**EXERCISE DIRECTIONS:** Find the line with "Navigate to the text" in the records below. Output exactly from there until after the line with "Task: Select the", without pictures.

**PROVIDED RECORDS:**

▼

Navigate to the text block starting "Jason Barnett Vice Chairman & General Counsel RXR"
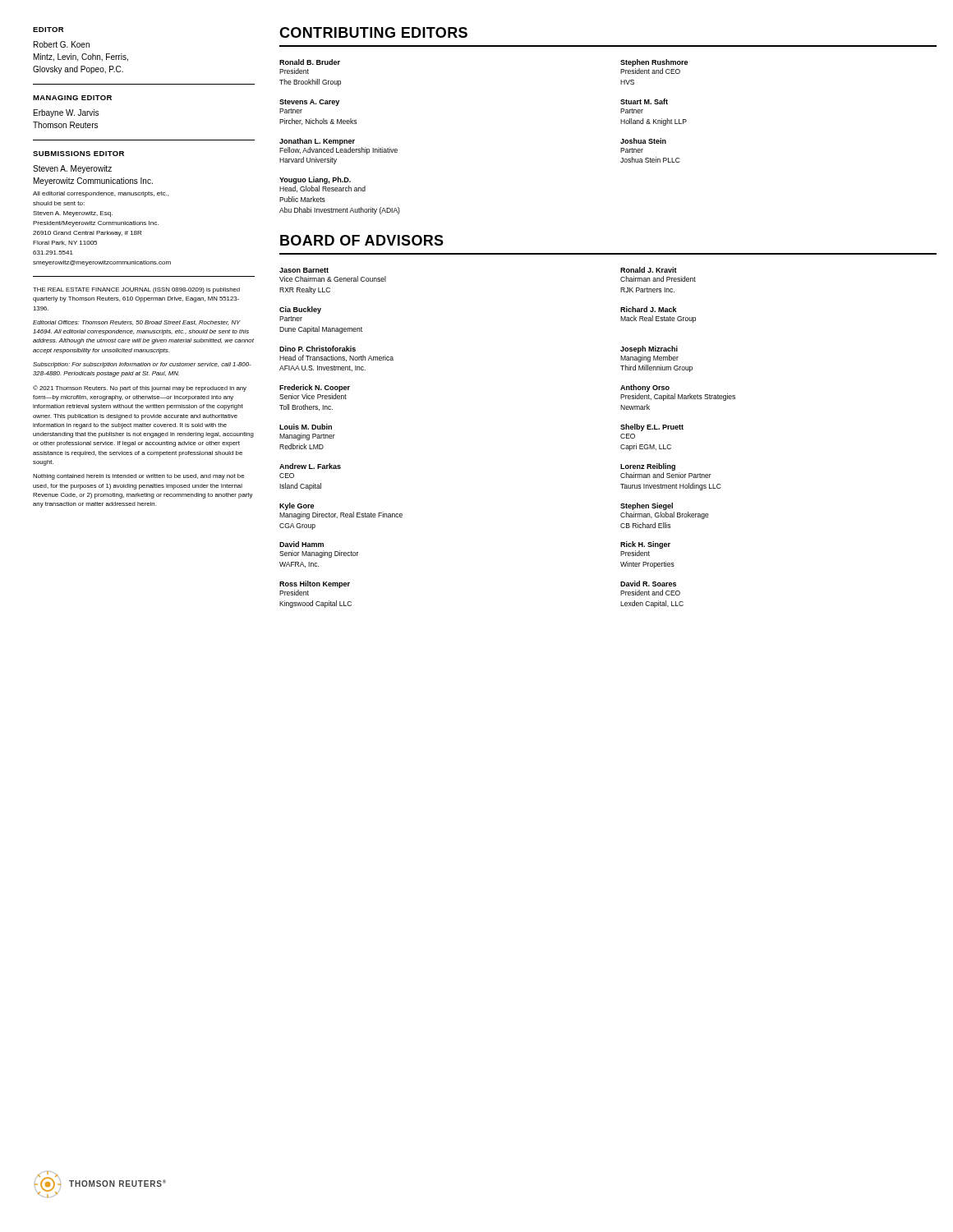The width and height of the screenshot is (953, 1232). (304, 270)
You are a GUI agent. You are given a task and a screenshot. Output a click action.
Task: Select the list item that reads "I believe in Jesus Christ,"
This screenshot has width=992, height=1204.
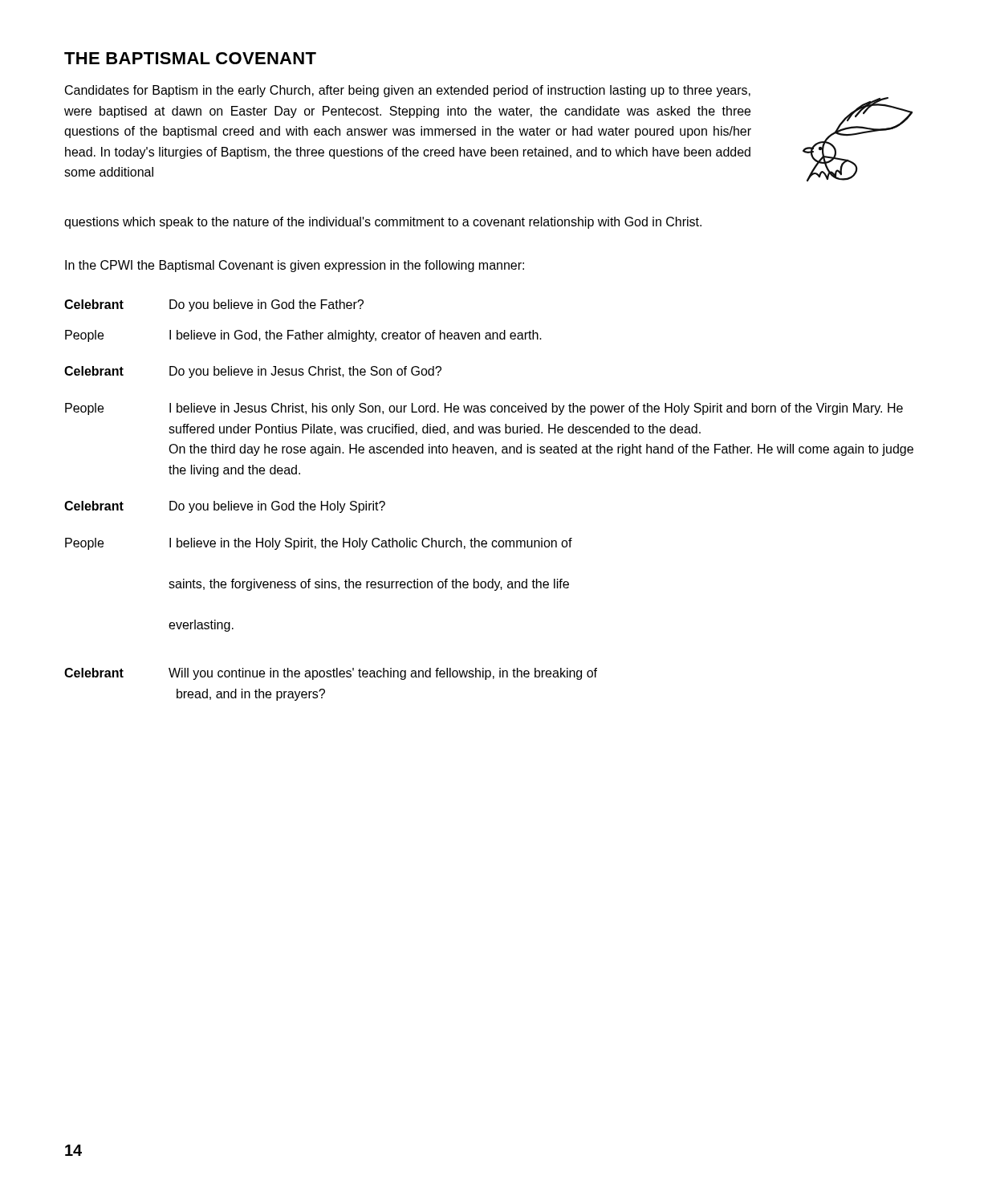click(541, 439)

▲
▼

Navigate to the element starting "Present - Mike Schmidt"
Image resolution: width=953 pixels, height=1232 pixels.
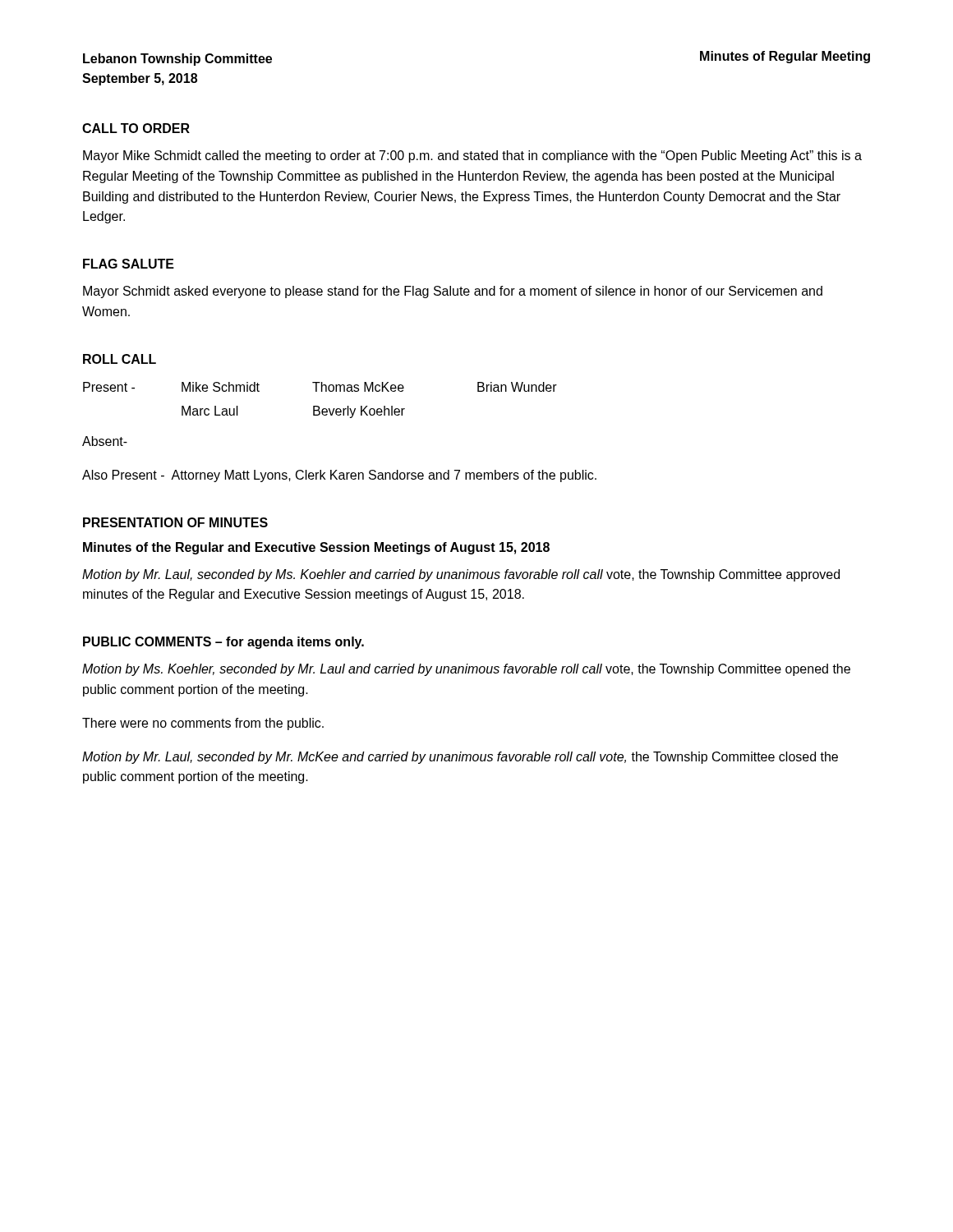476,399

▲

**COMPLETED TASK:**
Navigate to the text block starting "Jason Barnett Vice Chairman & General Counsel RXR"
The width and height of the screenshot is (953, 1232). (304, 270)
You are a GUI agent. You are given a task and a screenshot. Output a click action.
Task: Select the list item that reads "I believe in Jesus Christ,"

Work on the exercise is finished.